Cuando el árbitro señaló el final, la imagen de Messi quedó grabada para siempre: el capitán argentino permaneció unos instantes sobre el césped, observando el escenario donde concluía su extraordinaria historia mundialista. Sus compañeros lo rodearon en un gesto de reconocimiento, mientras los aplausos descendían desde las tribunas, incluso de muchos aficionados españoles.

Con seis Copas del Mundo disputadas —Alemania 2006, Sudáfrica 2010, Brasil 2014, Rusia 2018, Catar 2022 y Estados Unidos, México y Canadá 2026—, Messi cerró un ciclo irrepetible. Pocos futbolistas lograron mantenerse durante dos décadas en la élite del fútbol internacional y conducir a su selección a dos finales consecutivas de un Mundial.

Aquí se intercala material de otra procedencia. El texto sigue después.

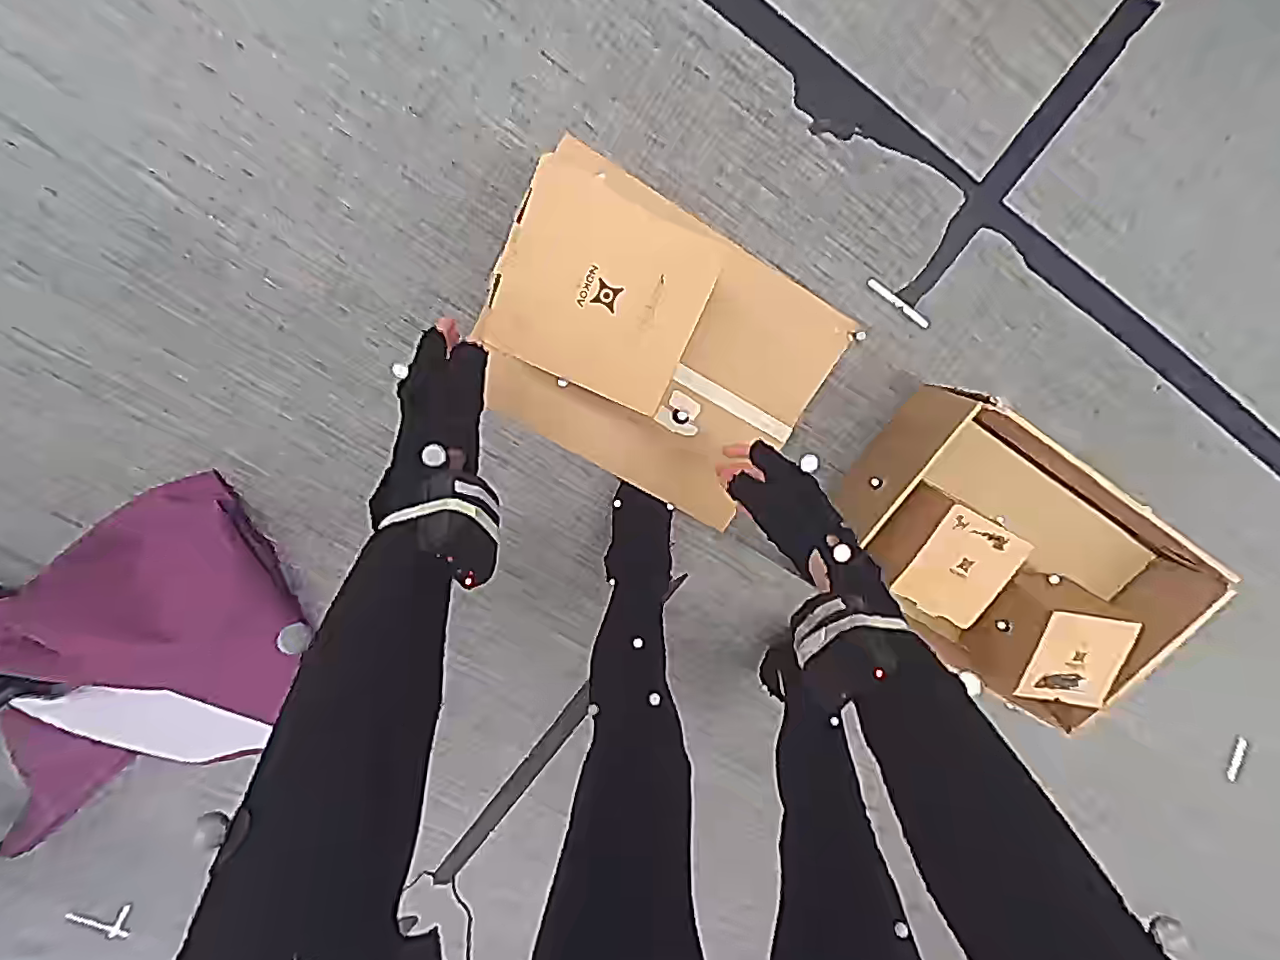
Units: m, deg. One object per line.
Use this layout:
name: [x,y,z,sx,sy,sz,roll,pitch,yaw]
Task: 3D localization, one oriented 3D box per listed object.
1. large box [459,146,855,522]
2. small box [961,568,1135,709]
large box: [0.012,-0.200,0.804,0.408,0.320,0.320,28,106,-11]
small box: [0.740,0.289,1.007,0.168,0.176,0.179,10,107,-4]
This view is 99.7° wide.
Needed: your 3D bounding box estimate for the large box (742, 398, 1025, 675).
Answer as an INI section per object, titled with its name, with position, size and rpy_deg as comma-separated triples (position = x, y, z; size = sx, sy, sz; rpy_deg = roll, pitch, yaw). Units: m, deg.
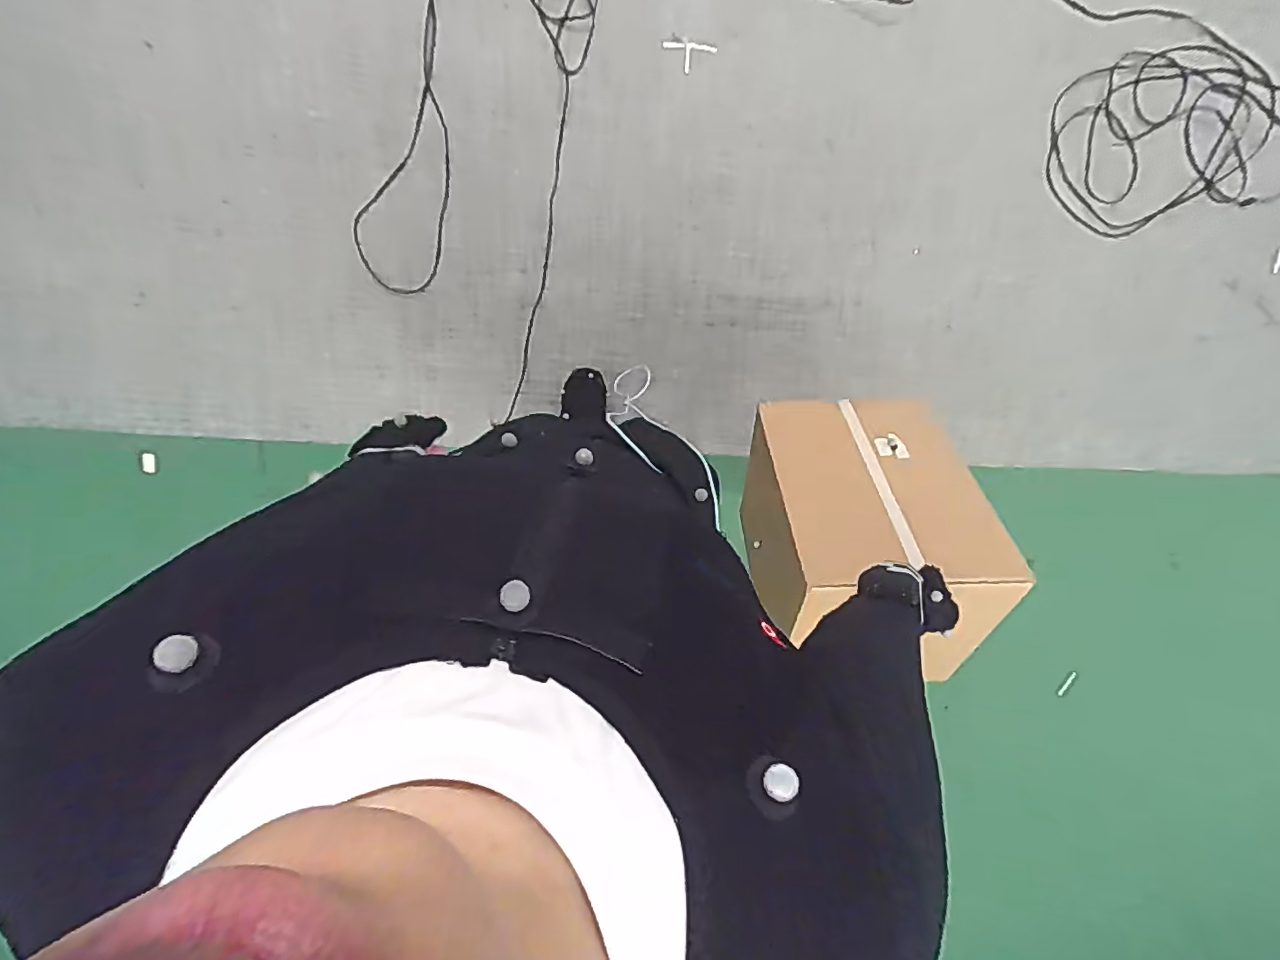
[large box]
position = 0.381, 0.098, 0.987
size = 0.320, 0.408, 0.320
rpy_deg = -1, 136, 0

Aunque el desenlace no tuvo el final soñado, su legado quedó intacto. Campeón del mundo, múltiple campeón con Argentina y protagonista de una era inolvidable, Lionel Messi se despidió de los Mundiales dejando una huella imborrable. El resultado de la final no modificó su lugar en la historia: se marchó como uno de los futbolistas más grandes de todos los tiempos y como el máximo referente de una generación que devolvió a la Argentina a la cima del fútbol mundial.